- _TASK REQUIREMENTS_: Your answer should consist of each line below that includes the word "object".

(Stored dataset items)
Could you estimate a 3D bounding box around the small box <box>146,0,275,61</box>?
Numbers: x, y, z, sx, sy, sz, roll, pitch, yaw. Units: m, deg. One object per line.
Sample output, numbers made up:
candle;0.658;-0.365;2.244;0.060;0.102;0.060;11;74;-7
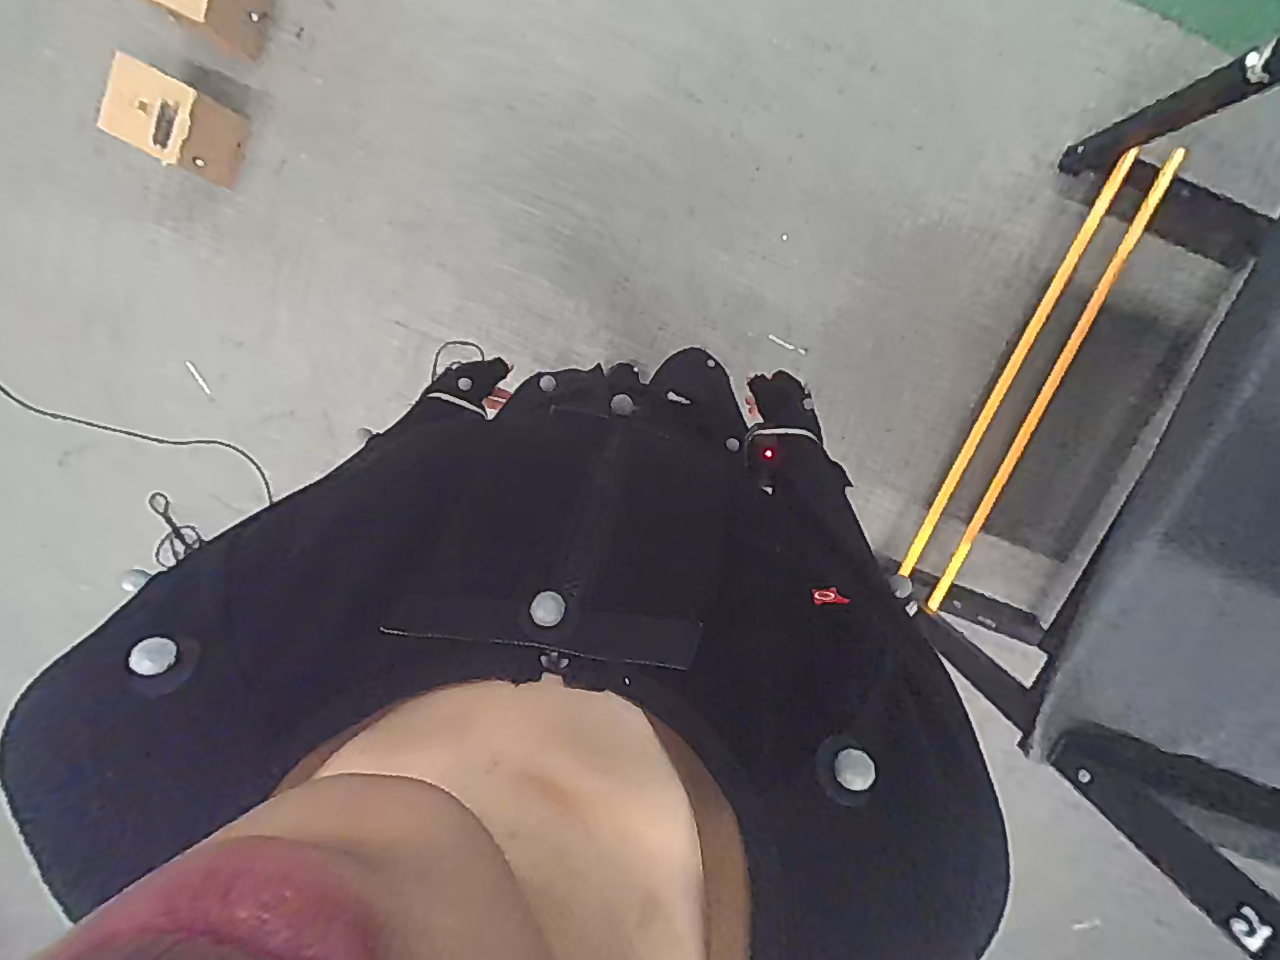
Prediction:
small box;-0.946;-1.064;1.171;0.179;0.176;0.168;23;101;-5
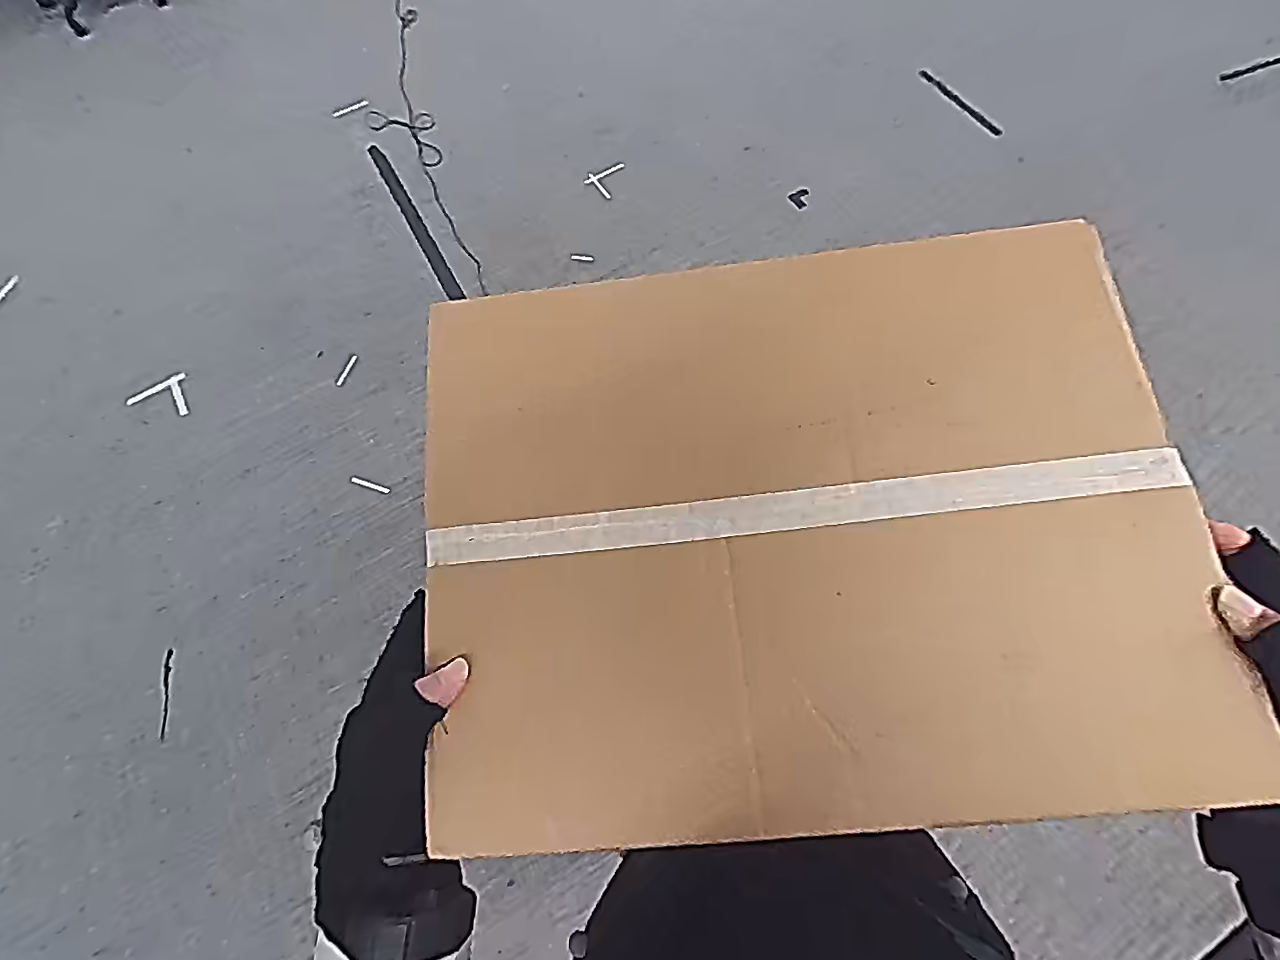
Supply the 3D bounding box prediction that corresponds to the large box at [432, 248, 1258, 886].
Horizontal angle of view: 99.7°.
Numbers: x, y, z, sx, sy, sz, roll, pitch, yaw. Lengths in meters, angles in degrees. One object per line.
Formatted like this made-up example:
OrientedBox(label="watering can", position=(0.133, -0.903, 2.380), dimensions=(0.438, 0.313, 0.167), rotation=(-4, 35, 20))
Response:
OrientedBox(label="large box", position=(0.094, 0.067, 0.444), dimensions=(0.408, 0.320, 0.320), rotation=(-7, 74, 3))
* * *
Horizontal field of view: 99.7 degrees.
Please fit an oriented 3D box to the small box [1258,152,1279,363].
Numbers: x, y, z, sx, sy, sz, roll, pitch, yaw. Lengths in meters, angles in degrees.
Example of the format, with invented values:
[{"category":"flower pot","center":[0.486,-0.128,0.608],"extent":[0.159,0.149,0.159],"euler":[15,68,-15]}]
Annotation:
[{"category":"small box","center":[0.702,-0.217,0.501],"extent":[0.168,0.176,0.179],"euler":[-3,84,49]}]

- _WRITTEN ANSWER_:
Numbers: x, y, z, sx, sy, sz, roll, pitch, yaw. Units: m, deg. One object per line.
Numbers: x, y, z, sx, sy, sz, roll, pitch, yaw. Lengths in meters, angles in degrees. One object per line.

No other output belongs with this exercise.